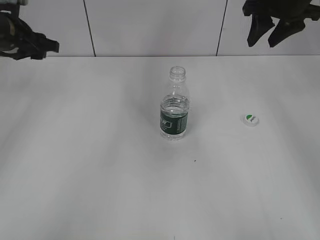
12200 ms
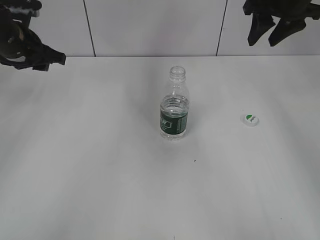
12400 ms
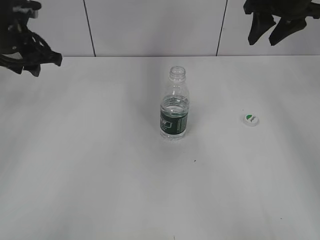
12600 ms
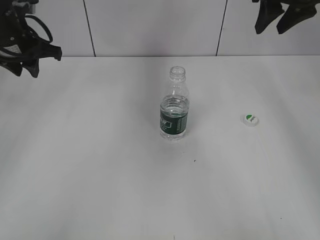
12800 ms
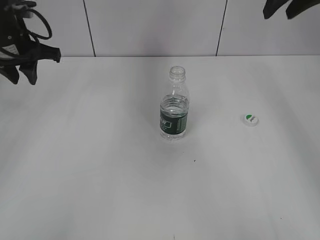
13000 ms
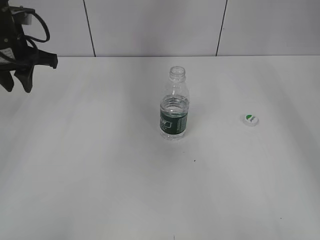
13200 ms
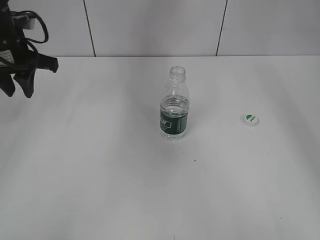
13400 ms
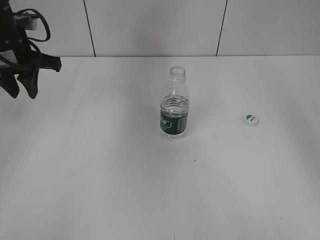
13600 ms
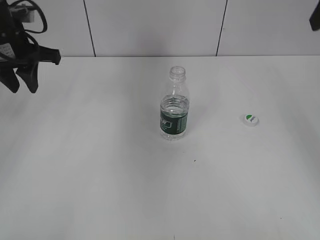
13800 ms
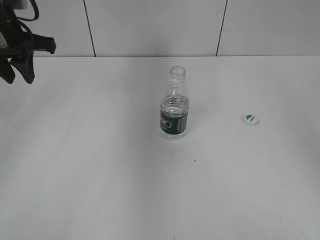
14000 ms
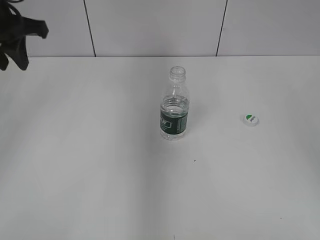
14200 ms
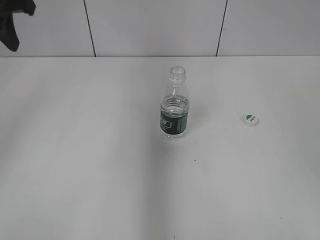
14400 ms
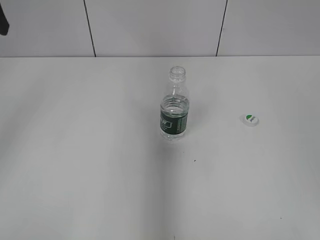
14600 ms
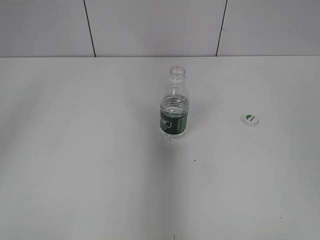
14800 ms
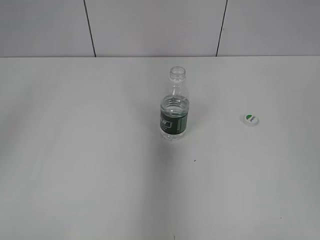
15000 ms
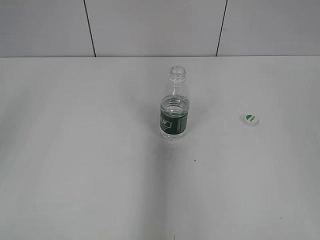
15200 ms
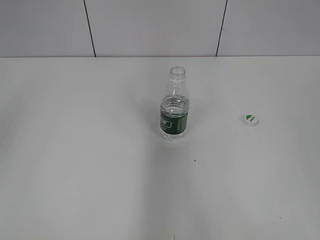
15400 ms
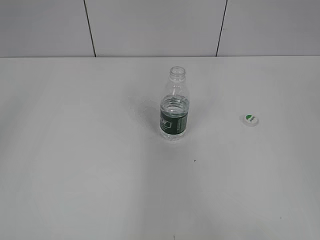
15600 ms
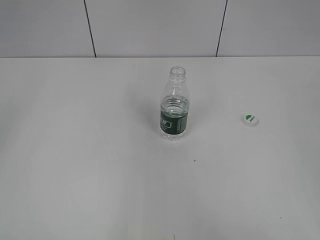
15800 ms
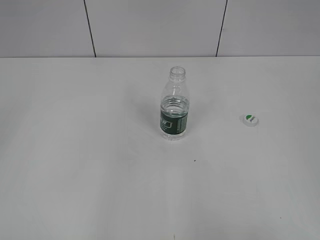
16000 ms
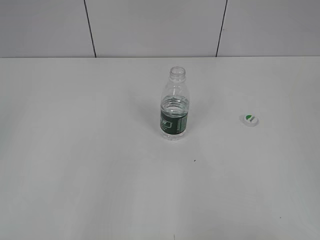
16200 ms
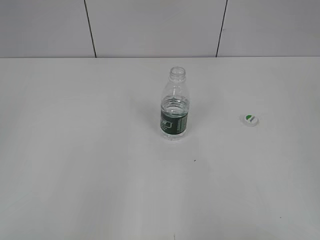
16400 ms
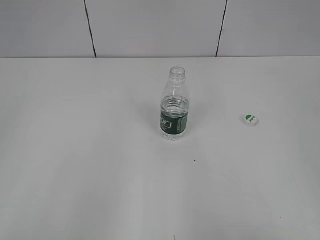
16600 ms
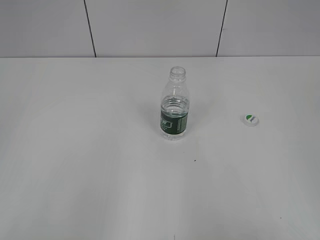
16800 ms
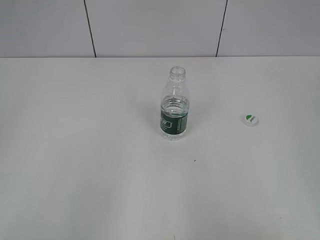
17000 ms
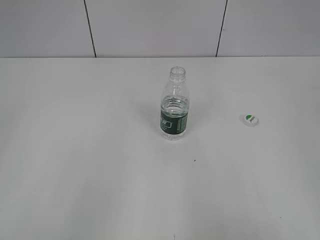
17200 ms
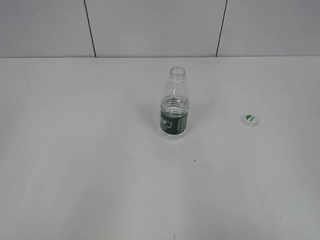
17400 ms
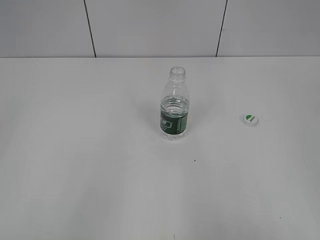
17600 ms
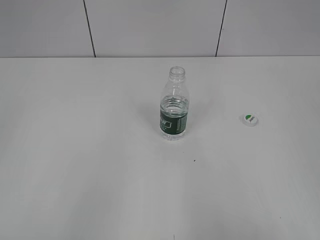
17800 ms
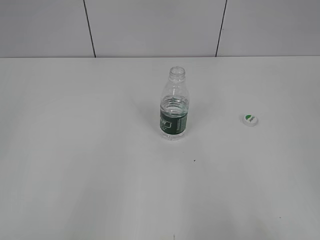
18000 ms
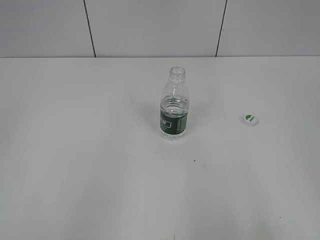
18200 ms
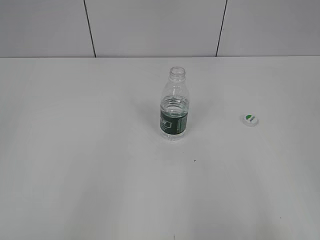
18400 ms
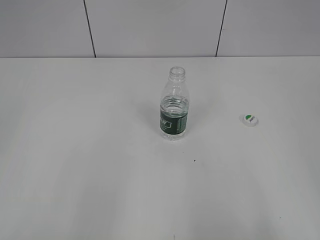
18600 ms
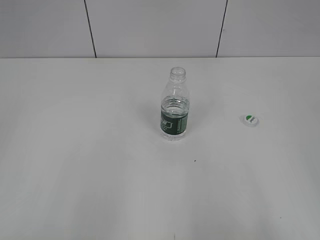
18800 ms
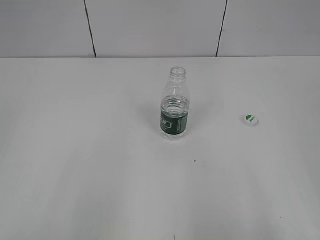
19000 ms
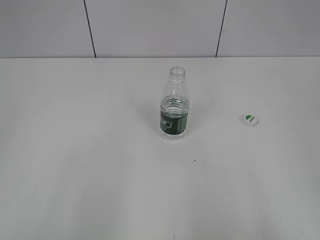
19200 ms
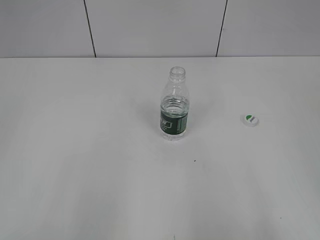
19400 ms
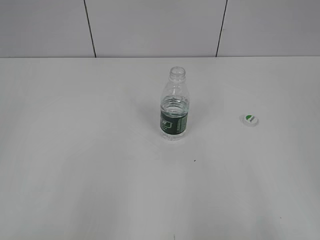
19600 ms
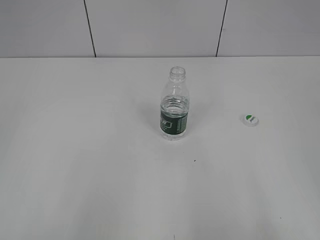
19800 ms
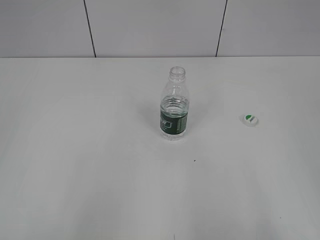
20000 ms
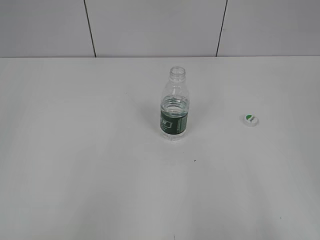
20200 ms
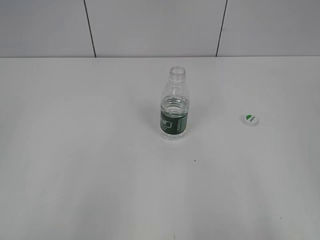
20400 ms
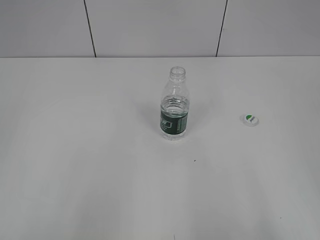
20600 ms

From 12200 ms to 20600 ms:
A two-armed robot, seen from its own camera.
From 12200 ms to 13600 ms: The right gripper is displaced upward and backward by roughly 15 cm, while the left gripper ends up some 5 cm from where it was, and closes its fingers.
From 13600 ms to 15000 ms: The right gripper goes about 25 cm backward. Meanwhile the left gripper heads upward and backward, covering approximately 20 cm.
From 15000 ms to 16400 ms: The right gripper moves backward and downward, roughly 10 cm; the left gripper travels backward by roughly 25 cm.
....
(Exercise instructions):
From the material above, output every line exactly as written, dropping any picture.

(Completed exercise):
12200 ms
12400 ms
12600 ms
12800 ms
13000 ms
13200 ms
13400 ms
13600 ms
13800 ms
14000 ms
14200 ms
14400 ms
14600 ms
14800 ms
15000 ms
15200 ms
15400 ms
15600 ms
15800 ms
16000 ms
16200 ms
16400 ms
16600 ms
16800 ms
17000 ms
17200 ms
17400 ms
17600 ms
17800 ms
18000 ms
18200 ms
18400 ms
18600 ms
18800 ms
19000 ms
19200 ms
19400 ms
19600 ms
19800 ms
20000 ms
20200 ms
20400 ms
20600 ms

From 12200 ms to 20600 ms:
A two-armed robot, seen from its own camera.
From 12200 ms to 13600 ms: The right gripper is displaced upward and backward by roughly 15 cm, while the left gripper ends up some 5 cm from where it was, and closes its fingers.
From 13600 ms to 15000 ms: The right gripper goes about 25 cm backward. Meanwhile the left gripper heads upward and backward, covering approximately 20 cm.
From 15000 ms to 16400 ms: The right gripper moves backward and downward, roughly 10 cm; the left gripper travels backward by roughly 25 cm.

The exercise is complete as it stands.